# Real-world experience of circulating tumor DNA testing in resectable colorectal cancer: a Japanese single-institution observational study

**Authors:** Yuko Fukumoto, Kozo Kataoka, Yoshiko Muroi, Mizuki Koba, Kazuma Ito, Rao Zhenxin, Ayako Imada, Song Jihyung, Yuki Horio, Ryuichi Kuwahara, Motoi Uchino, Kei Kimura, Eiji Oki, Masataka Ikeda

PMC · DOI: 10.1007/s10147-025-02943-7 · International Journal of Clinical Oncology · 2025-12-15

## TL;DR

This study shows that ctDNA testing after colorectal cancer surgery can help predict recurrence risk and guide treatment decisions in real-world clinical settings.

## Contribution

The study provides real-world evidence of ctDNA testing's clinical utility in resectable CRC outside of clinical trials.

## Key findings

- ctDNA-positive patients had a 62.5% recurrence rate, while ctDNA-negative patients had only 13.5%.
- ctDNA clearance after chemotherapy was associated with recurrence-free survival in some patients.
- Persistent ctDNA positivity predicted disease progression.

## Abstract

Assessment of molecular residual disease (MRD) using circulating tumor DNA (ctDNA) is a powerful prognostic tool for detecting postoperative recurrence in colorectal cancer (CRC). However, ctDNA-based MRD testing has been available only within clinical trials in Japan, and its clinical utility in patients ineligible for trials due to age or comorbidities remains unclear. We conducted a prospective observational study to describe the real-world implementation and clinical findings of postoperative ctDNA testing in CRC.

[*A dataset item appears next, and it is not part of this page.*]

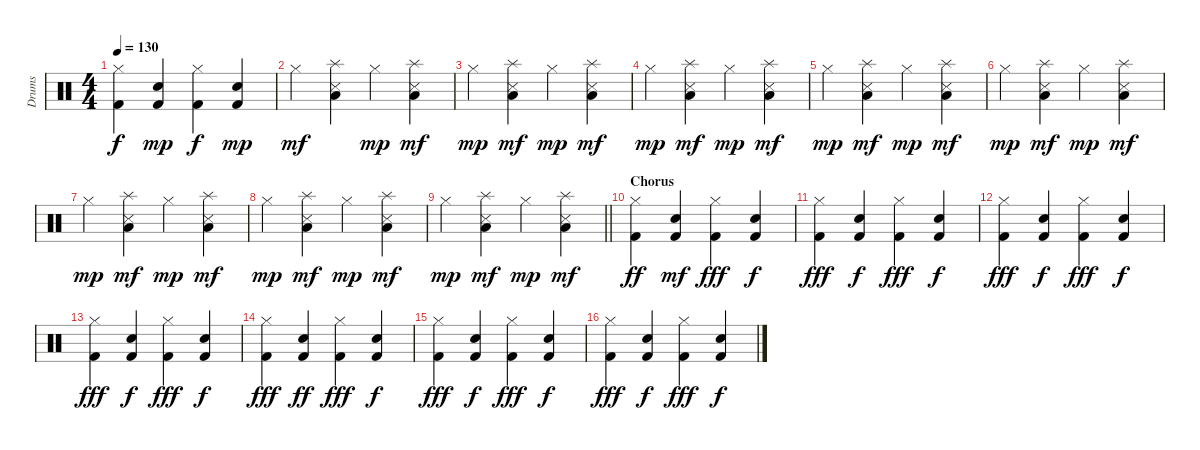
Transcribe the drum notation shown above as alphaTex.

CRC patients who underwent tumor-agnostic ctDNA MRD testing after curative-intent resection were prospectively enrolled. When ctDNA was detected, early imaging was performed to assess recurrence. Clinical outcomes were analyzed according to ctDNA status.

56 CRC patients who underwent ctDNA testing 4–8 weeks after surgery between June 2023 and June 2025 were analyzed. 18 (32.1%) were ctDNA-positive and 38 (67.9%) were ctDNA-negative. Radiological recurrence occurred in 10 of 16 evaluable ctDNA-positive patients (62.5%), including liver metastases in 4 and no lung metastases. In contrast, recurrence was observed in 5 of 37 ctDNA-negative patients (13.5%), including lung metastases in 3 and no liver metastases. Three ctDNA-positive patients (18.8%) achieved ctDNA clearance after adjuvant chemotherapy and remained recurrence-free, whereas persistent-ctDNA positivity predicted disease progression. In the ctDNA-negative cohort, 84.5% remained disease-free regardless of adjuvant therapy.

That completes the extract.